** Material shown **

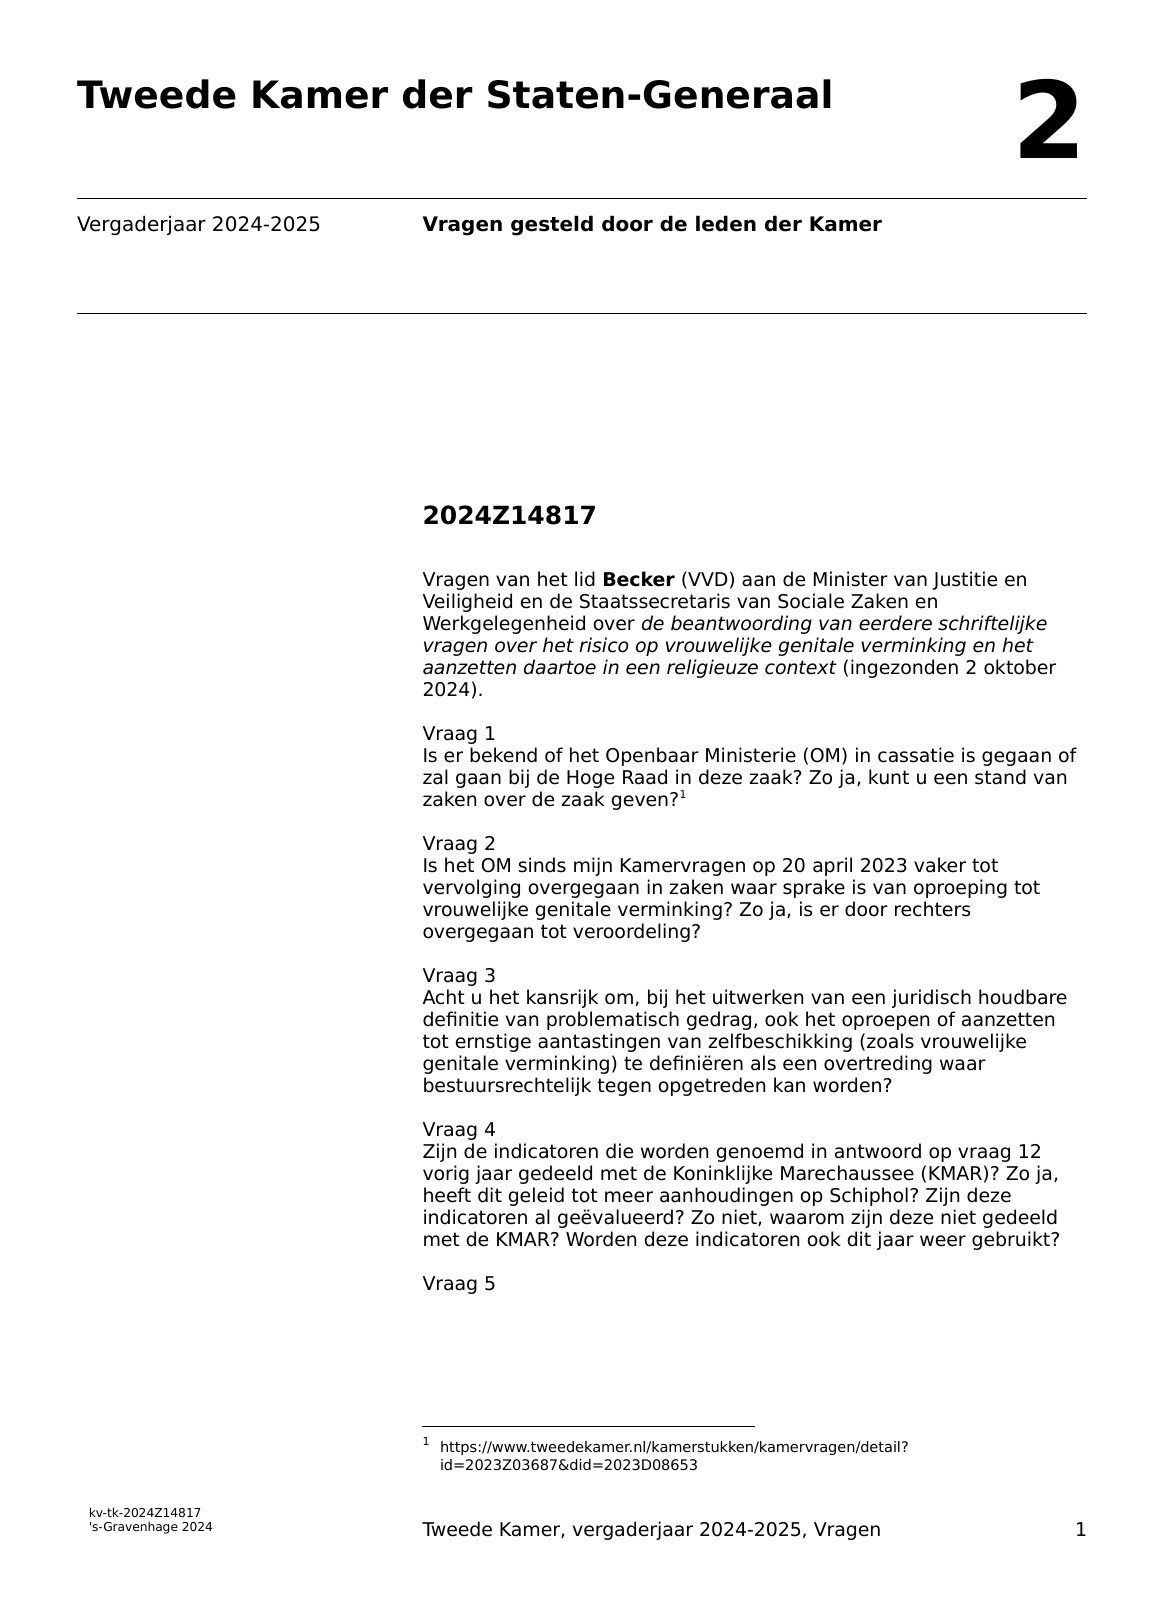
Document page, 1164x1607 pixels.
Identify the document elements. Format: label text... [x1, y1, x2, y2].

text Is het OM sinds mijn Kamervragen op 20 april 2023 vaker tot vervolging overgegaan in zaken waar sprake is van oproeping tot vrouwelijke genitale verminking? Zo ja, is er door rechters overgegaan tot veroordeling? [422, 855, 1087, 943]
text Vraag 4 [422, 1119, 1087, 1141]
text Vragen van het lid Becker (VVD) aan de Minister van Justitie en Veiligheid en de Staatssecretaris van Sociale Zaken en Werkgelegenheid over de beantwoording van eerdere schriftelijke vragen over het risico op vrouwelijke genitale verminking en het aanzetten daartoe in een religieuze context (ingezonden 2 oktober 2024). [422, 569, 1087, 701]
text Vraag 1 [422, 723, 1087, 745]
text https://www.tweedekamer.nl/kamerstukken/kamervragen/detail?id=2023Z03687&did=2023D08653 [422, 1435, 1087, 1474]
text 2024Z14817 [422, 501, 1087, 531]
table_header 2 [886, 59, 1087, 198]
table_header Tweede Kamer der Staten-Generaal [77, 59, 886, 198]
text Acht u het kansrijk om, bij het uitwerken van een juridisch houdbare definitie van problematisch gedrag, ook het oproepen of aanzetten tot ernstige aantastingen van zelfbeschikking (zoals vrouwelijke genitale verminking) te definiëren als een overtreding waar bestuursrechtelijk tegen opgetreden kan worden? [422, 987, 1087, 1097]
text kv-tk-2024Z14817 [88, 1506, 323, 1520]
table_cell Vragen gesteld door de leden der Kamer [422, 199, 1087, 313]
text Is er bekend of het Openbaar Ministerie (OM) in cassatie is gegaan of zal gaan bij de Hoge Raad in deze zaak? Zo ja, kunt u een stand van zaken over de zaak geven? [422, 745, 1087, 811]
table_cell Vergaderjaar 2024-2025 [77, 199, 422, 313]
text Vraag 5 [422, 1273, 1087, 1295]
text Vraag 2 [422, 833, 1087, 855]
text Zijn de indicatoren die worden genoemd in antwoord op vraag 12 vorig jaar gedeeld met de Koninklijke Marechaussee (KMAR)? Zo ja, heeft dit geleid tot meer aanhoudingen op Schiphol? Zijn deze indicatoren al geëvalueerd? Zo niet, waarom zijn deze niet gedeeld met de KMAR? Worden deze indicatoren ook dit jaar weer gebruikt? [422, 1141, 1087, 1251]
text 's-Gravenhage 2024 [88, 1520, 323, 1534]
text Vraag 3 [422, 965, 1087, 987]

** Task to carry out **
Leave out the pictures and repeat exactly the lines from the start of the material through the line that contains "text 2024Z14817 [422, 501, 1087, 531]", both included.

** Answer area **
Document page, 1164x1607 pixels.
Identify the document elements. Format: label text... [x1, y1, x2, y2].

text Is het OM sinds mijn Kamervragen op 20 april 2023 vaker tot vervolging overgegaan in zaken waar sprake is van oproeping tot vrouwelijke genitale verminking? Zo ja, is er door rechters overgegaan tot veroordeling? [422, 855, 1087, 943]
text Vraag 4 [422, 1119, 1087, 1141]
text Vragen van het lid Becker (VVD) aan de Minister van Justitie en Veiligheid en de Staatssecretaris van Sociale Zaken en Werkgelegenheid over de beantwoording van eerdere schriftelijke vragen over het risico op vrouwelijke genitale verminking en het aanzetten daartoe in een religieuze context (ingezonden 2 oktober 2024). [422, 569, 1087, 701]
text Vraag 1 [422, 723, 1087, 745]
text https://www.tweedekamer.nl/kamerstukken/kamervragen/detail?id=2023Z03687&did=2023D08653 [422, 1435, 1087, 1474]
text 2024Z14817 [422, 501, 1087, 531]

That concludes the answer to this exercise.